When implementing an omni-channel experience, the most important practice to keep in mind is maintaining brand consistency across all new and existing experiences. There should be a never-ending sensory overload of your brand. “The important thing is that they all support each other,” said Negen.
Goldilocks syndrome: bundle and discount deals
Nothing says happy holidays more than some good, old fashioned discounts. While these types of pricing strategies have always been used to provide value for customers, retailers are getting extra creative this year. According to Komaroni, a popular revenue stream for her store has been selling pre-packaged and customized gift bundles. On their website, consumers are able to purchase pre-packaged gift baskets themed for the holidays, or they can sign up for a video session to select specific items for a customized gift package.

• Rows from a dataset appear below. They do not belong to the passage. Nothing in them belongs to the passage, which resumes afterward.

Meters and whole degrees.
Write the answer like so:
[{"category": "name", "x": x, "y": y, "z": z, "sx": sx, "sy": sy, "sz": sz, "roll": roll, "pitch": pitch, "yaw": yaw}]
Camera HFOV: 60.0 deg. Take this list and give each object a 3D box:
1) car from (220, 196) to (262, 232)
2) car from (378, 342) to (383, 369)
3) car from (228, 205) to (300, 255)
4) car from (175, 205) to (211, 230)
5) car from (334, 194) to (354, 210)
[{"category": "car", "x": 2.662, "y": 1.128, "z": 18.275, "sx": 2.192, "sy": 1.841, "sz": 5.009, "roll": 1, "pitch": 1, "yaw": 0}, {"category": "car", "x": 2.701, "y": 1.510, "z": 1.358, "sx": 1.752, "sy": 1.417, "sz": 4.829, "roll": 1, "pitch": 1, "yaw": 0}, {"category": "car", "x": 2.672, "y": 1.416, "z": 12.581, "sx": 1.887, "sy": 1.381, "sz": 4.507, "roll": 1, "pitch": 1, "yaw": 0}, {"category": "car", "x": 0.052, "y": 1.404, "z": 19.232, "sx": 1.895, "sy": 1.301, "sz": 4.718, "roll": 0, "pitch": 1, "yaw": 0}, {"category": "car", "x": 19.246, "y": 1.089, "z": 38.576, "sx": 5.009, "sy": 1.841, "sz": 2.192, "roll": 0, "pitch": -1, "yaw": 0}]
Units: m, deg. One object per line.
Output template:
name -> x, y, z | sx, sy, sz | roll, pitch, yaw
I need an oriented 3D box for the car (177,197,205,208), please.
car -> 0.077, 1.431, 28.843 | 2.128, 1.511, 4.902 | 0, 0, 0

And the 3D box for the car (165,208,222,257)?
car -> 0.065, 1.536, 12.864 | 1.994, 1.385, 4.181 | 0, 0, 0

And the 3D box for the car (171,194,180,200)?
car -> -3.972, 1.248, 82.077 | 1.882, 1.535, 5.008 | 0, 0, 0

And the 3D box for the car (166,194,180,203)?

“The feedback has been fabulous. People love it. We include a gift message for the order, and it’s just fun for others to receive something unexpected. We’re getting a lot of companies doing this—corporate gifts, but even nicer because it’s not branded merchandise. It’s not so cookie cutter because it has a special touch. It’s a much more of an authentic gift experience,” said Komaroni.
According to Negen, the secret behind bundle deals has a lot to do with consumer psychology. It’s all about implementing strategies that make it easy for people to buy, which is why Negen is adamantly pushing his retailers to integrate bundles as merchandising strategies this year. If consumers are introduced to three different deals instead of just one, the act of comparing the middle price to two other prices highlights an attractive price comparison that wouldn’t be obvious otherwise.
“When I teach bundles, it’s this whole idea of having price points: good, better, best. If people see good, better, best, they tend to choose the bundle in the middle. It’s called Goldilocks Syndrome. Not too big or too small. The one in the middle is just right,” he said. “This will increase the average ticket.”
Komaroni’s annual 12 Days of Christmas Sale is an example of a successful discount deal that she has implemented in previous years and will be continuing this holiday season. For this special sale, a different item is heavily discounted each day. In order to maintain good margins, Komaroni contacts her suppliers and buys from their closeouts. This way, her customers are able to get great deals, and she’ll still make a profit.
The pandemic has certainly been tough on retailers, and while navigating this holiday season might seem daunting, the most important thing to keep in mind is positivity. Negen even suggested that there’s a silver lining.
“The essence is that what is happening right now—it’s the acceleration of retail. If you are good, if you hustle, if you are willing to try things, if you are a smart merchant, your success is going to accelerate. People have grown as far as their skills, their business models, and their resilience more in the last nine months than they would have grown in three years had not this pandemic forced them to accelerate their growth.”